Goal of the exercise
Please restate, word for word, the lines below that begin at the one with "The width and height of the screenshot is (953, 1232)." and end at the one with "Task: Locate the formula". Leave out all other lines.

Items from a dataset:
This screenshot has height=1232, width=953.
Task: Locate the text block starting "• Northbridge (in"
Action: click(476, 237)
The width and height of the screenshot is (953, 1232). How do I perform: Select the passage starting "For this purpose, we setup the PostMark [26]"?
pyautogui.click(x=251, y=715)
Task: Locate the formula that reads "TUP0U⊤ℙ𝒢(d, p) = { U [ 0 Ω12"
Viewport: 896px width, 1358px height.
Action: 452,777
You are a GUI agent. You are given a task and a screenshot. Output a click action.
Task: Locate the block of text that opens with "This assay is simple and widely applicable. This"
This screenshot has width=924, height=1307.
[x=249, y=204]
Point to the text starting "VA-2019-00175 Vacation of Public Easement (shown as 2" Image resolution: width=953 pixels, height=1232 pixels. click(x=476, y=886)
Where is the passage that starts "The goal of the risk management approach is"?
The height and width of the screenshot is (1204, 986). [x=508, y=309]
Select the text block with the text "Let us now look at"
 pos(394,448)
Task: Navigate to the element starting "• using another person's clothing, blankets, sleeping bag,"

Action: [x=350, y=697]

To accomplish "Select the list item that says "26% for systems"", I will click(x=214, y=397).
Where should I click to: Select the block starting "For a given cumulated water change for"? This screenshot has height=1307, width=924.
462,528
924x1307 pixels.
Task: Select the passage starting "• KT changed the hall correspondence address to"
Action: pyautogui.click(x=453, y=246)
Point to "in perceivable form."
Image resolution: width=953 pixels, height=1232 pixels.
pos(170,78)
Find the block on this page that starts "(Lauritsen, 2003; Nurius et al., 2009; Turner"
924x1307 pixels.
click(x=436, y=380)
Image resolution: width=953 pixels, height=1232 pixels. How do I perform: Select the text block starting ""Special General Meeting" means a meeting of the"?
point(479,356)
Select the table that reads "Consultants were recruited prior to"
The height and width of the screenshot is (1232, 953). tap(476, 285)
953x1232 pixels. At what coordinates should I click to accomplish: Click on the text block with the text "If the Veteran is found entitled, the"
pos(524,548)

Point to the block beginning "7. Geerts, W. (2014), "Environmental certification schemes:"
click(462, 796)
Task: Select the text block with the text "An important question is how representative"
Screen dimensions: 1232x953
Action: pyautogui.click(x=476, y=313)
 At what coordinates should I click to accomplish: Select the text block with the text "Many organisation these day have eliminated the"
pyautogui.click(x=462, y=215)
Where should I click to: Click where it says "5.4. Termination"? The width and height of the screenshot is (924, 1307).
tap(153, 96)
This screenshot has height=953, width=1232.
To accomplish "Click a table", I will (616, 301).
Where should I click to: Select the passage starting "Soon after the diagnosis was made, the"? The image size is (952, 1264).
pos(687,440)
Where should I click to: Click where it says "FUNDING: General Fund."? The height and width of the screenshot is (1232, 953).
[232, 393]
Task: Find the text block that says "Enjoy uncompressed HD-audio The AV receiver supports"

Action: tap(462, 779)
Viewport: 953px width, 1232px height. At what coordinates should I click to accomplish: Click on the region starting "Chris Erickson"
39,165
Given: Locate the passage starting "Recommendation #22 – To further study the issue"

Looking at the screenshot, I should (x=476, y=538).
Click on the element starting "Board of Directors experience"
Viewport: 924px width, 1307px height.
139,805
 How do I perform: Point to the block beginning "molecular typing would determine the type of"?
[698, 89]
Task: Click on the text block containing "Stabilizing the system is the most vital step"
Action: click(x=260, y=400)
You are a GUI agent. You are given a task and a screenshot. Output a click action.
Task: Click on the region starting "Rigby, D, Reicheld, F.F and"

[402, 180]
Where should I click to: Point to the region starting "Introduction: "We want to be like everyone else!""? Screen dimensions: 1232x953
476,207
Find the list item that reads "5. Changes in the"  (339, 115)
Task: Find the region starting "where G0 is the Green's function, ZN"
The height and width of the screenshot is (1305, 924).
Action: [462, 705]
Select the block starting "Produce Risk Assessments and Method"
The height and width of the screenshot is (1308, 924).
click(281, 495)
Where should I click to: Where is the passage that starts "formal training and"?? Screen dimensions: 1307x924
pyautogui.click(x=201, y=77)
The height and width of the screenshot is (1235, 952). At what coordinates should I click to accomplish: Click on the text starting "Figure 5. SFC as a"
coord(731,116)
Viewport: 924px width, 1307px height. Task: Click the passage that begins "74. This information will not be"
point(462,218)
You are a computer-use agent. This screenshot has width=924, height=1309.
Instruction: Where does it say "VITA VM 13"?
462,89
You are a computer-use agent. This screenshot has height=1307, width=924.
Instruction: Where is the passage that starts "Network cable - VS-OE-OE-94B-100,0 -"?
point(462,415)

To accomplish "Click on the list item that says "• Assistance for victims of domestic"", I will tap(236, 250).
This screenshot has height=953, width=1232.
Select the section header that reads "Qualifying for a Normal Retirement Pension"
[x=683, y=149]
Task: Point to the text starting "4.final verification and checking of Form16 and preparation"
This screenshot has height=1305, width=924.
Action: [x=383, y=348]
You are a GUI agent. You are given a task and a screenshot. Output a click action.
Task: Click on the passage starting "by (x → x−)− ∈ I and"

Solution below
The width and height of the screenshot is (953, 1232). How do I perform: Select the passage starting "For this purpose, we setup the PostMark [26]"?
pyautogui.click(x=251, y=715)
Task: Locate the formula that reads "TUP0U⊤ℙ𝒢(d, p) = { U [ 0 Ω12"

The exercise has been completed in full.